The Box: Is Packaging Optimization the Last Frontier for Supply Chain Efficiency?
“Packaging remains a major area of supply chain optimization opportunity for most companies.”
—Bob Delaney in 1999 State of Logistics
So here we are 15 years after Bob Delaney’s seminal observation, and after a career as a supply chain executive for several major corporations and working on packaging optimization as a consultant for more than a decade, I would say the total results are underwhelming.

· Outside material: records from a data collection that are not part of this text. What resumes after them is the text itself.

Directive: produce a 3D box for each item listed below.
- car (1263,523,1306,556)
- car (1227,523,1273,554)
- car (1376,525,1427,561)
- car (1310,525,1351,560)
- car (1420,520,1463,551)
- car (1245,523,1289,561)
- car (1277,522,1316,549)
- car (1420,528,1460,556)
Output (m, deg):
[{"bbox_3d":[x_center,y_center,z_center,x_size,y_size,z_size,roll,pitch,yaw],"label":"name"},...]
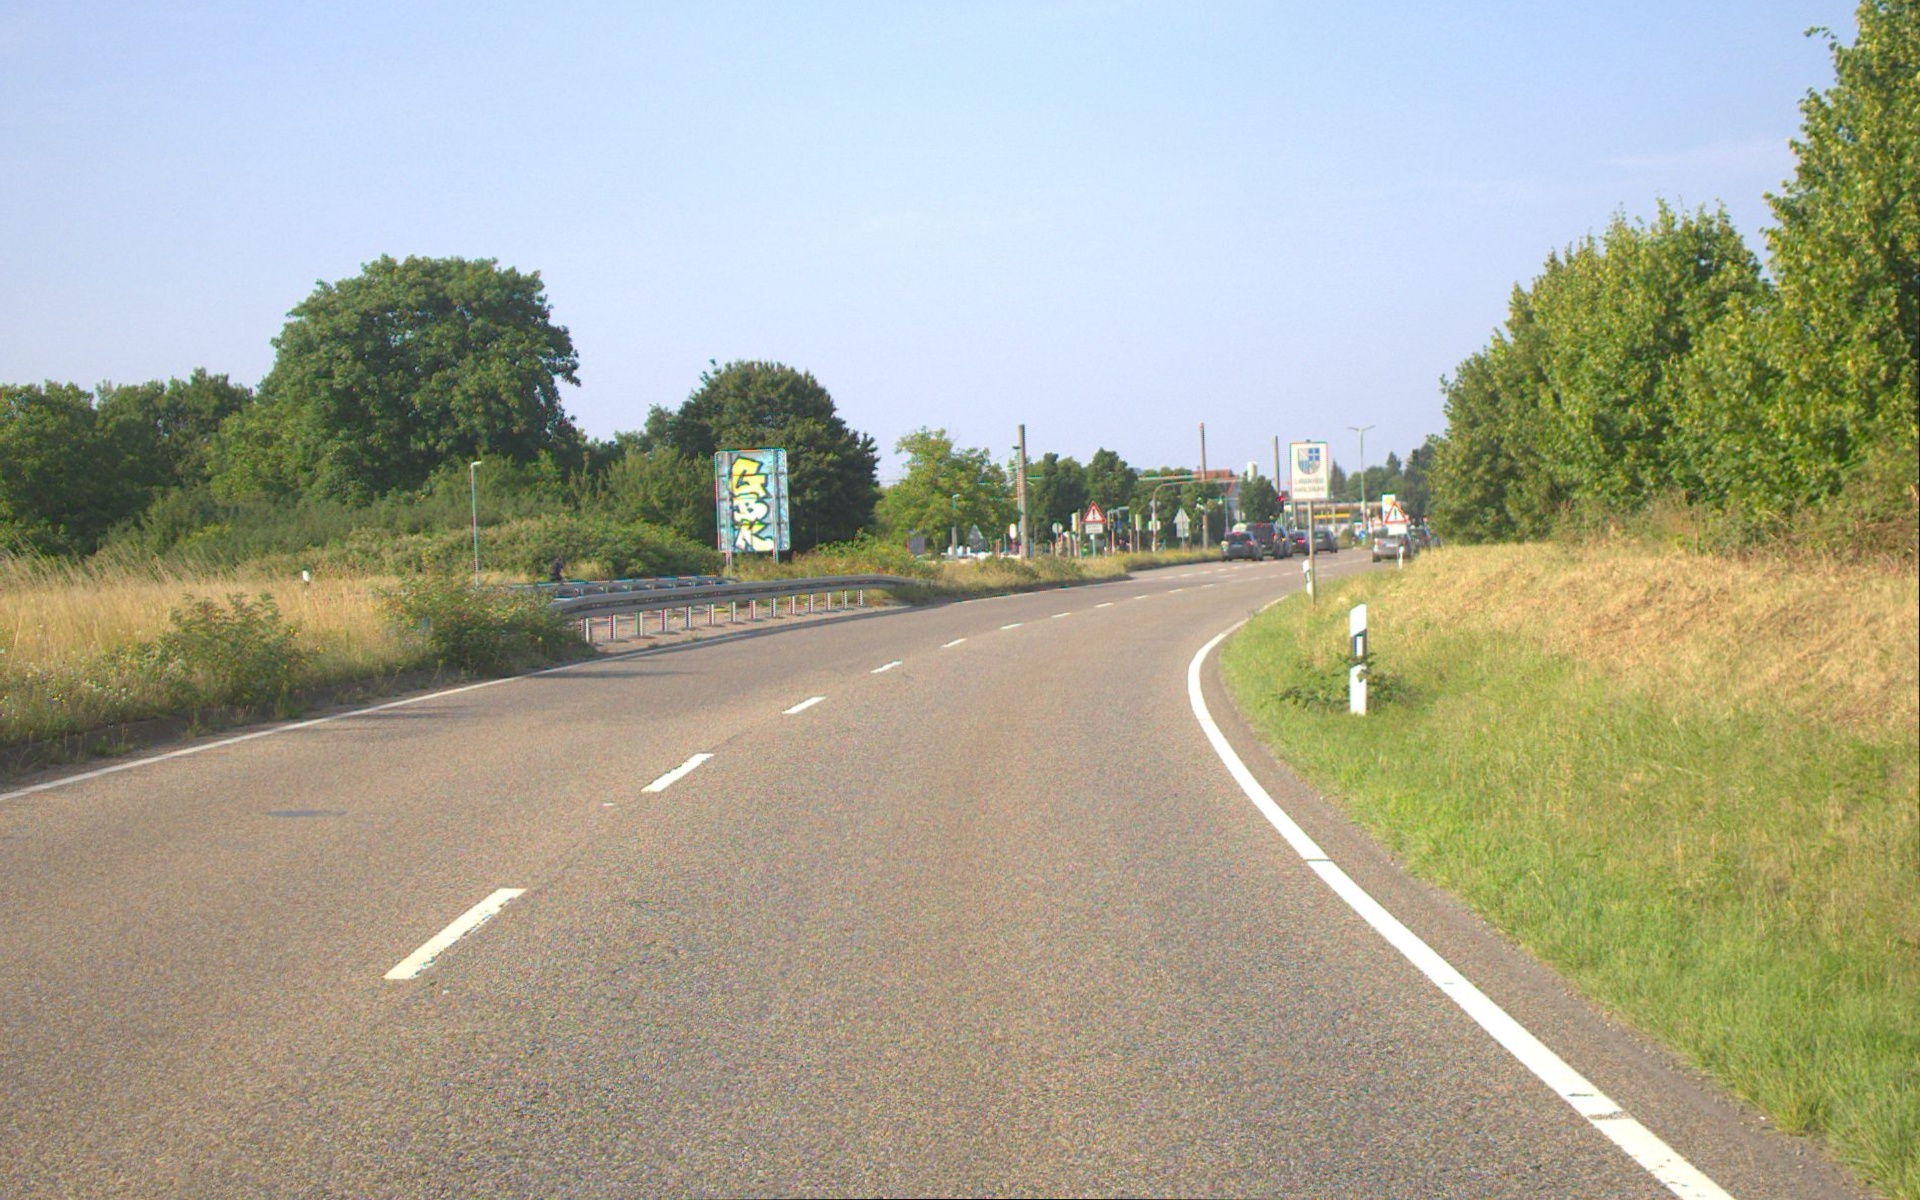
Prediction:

As Delaney long ago realized, the lowly corrugated box has a huge efficiency impact within the supply chain. Typically the shipping container makes up less than 10 cents of each supply chain dollar; the other 90 cents is composed of handling, storage, and transportation costs. Yet, far too many companies still focus on reducing the cost of the corrugated box—the 10 cents—when their real attention should be on reducing the impact of the box on the 90 cents spent on warehousing and transportation.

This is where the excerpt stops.